Listed entries:
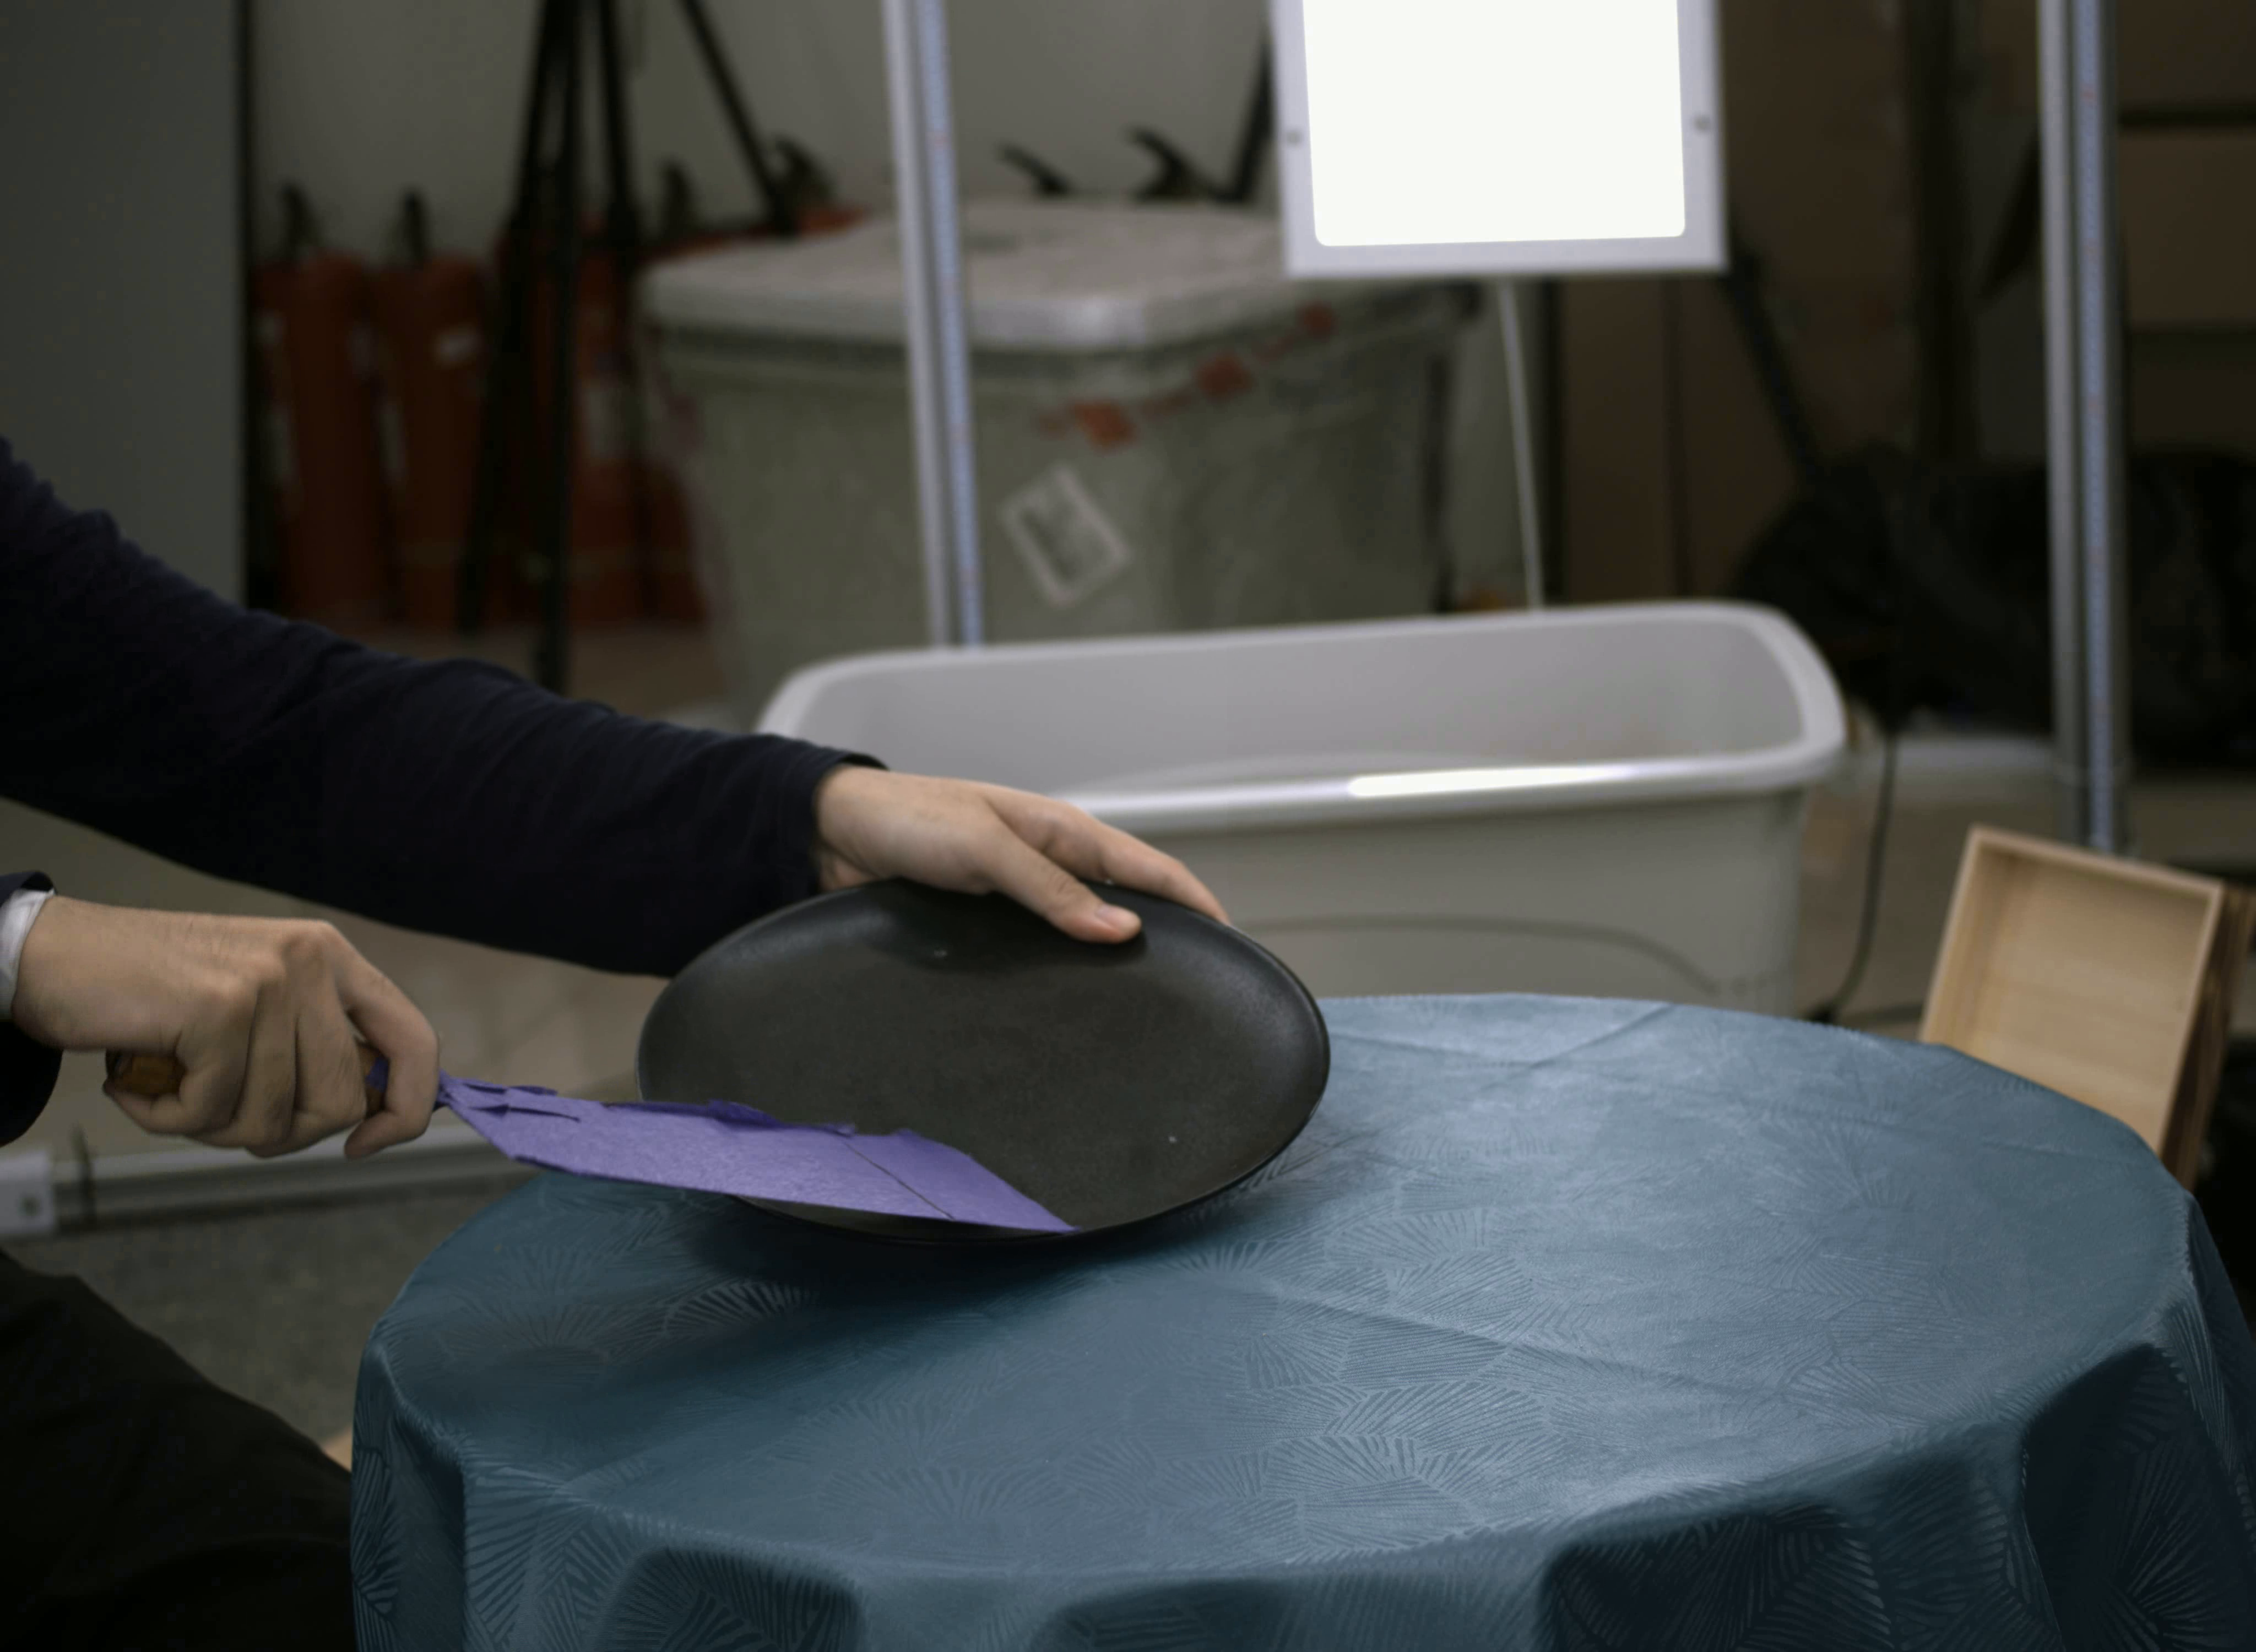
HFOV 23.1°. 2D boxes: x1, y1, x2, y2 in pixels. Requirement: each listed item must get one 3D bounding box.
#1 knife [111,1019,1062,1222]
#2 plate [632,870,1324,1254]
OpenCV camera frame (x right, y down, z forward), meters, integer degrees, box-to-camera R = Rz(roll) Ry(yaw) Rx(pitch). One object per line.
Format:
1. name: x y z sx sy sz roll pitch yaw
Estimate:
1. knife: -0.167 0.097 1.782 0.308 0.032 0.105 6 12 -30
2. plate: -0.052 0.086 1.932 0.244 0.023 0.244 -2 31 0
* * *
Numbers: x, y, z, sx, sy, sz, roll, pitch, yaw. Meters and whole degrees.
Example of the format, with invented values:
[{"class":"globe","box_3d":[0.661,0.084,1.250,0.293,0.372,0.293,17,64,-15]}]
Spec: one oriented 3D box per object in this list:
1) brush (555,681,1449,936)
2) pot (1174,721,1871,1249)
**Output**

What you will do: Quote the data above from the line containing "HFOV 23.1°. 2D" to the line containing "#2 plate [632,870,1324,1254]", inclusive, and stop.

Solution for this task:
HFOV 23.1°. 2D boxes: x1, y1, x2, y2 in pixels. Requirement: each listed item must get one 3D bounding box.
#1 knife [111,1019,1062,1222]
#2 plate [632,870,1324,1254]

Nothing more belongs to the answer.